I am not going to talk so much about George Floyd here, though the whole situation is of course deeply in my thoughts. I am going to say a little bit about the Central Park birdwatching case with Christian Cooper and his idiot accuser Amy Cooper (who annoyingly shares his surname so it’s all a bit confusing).

Here is a short overview of the incident, and him being interviewed about it, on The View –

There’s so much to unpack here, and I physically can’t even begin to climb the mountain of crap that is spewed by Amy Cooper. I’m not going to waste the time going into how insane this woman is because, to be honest, she’s deeply irrelevant. This is not about her and I don’t want to give her any more attention than she has already received. There is something much more powerful at play here than just her nonsense. And that is simply – the fact that she knew she could.

This woman was in the wrong. As the interview above notes, it was an area kept for bird watchers in which dogs were to be kept on a lead. There was a park, across the way, for her to walk her dog; but, she felt it was unsafe, so she knowingly broke that rule to keep her dog of the lead in the incorrect area. She was wrong, she knew she was wrong, but she didn’t care.

Instead, she knew that if she called the police, and said the words ‘African American’ and ‘threatening’ enough times, that she’d be okay. She knew that if she dipped into those stereotypes, if she used the power of the inherent racism and deep discrimination in her society, against a man who fits said stereotypes, she could get away with it. She didn’t try to argue with him much about why she could break the rules (no doubt another example of privilege) or why Christian Cooper could have been wrong. No. She knew that systemic racism was going to be on her side if she used the cops and made his blackness clear.

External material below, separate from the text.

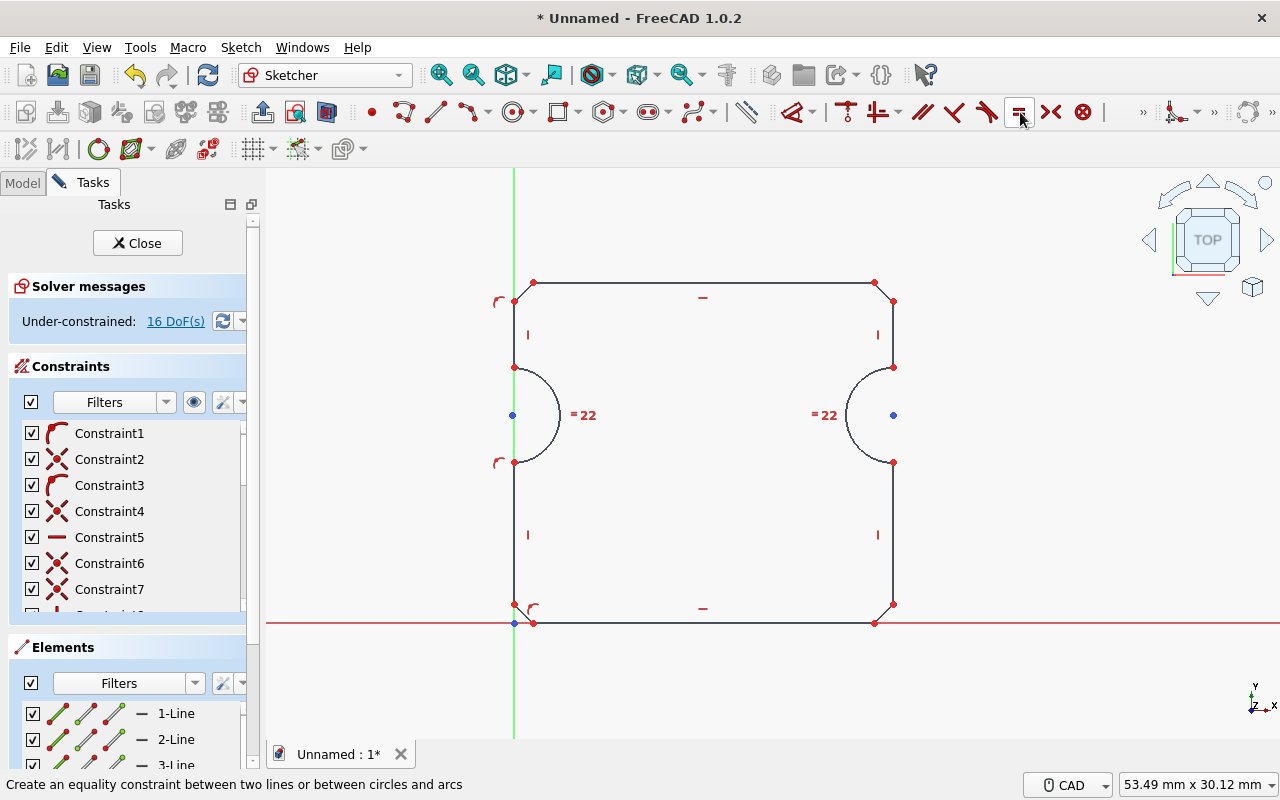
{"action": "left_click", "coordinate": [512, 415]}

In this instance, it was okay, and he survived. But all that is coming to light in these dark times, both in the USA and here, is how deep that racism still lies and lives (Please read this article discussing Britain’s equally despicable track record). The most frightening thing here is not her absolutely ridiculous response, but her knowledge of the extreme racism in her society, and her willingness to use it, even when she was wrong.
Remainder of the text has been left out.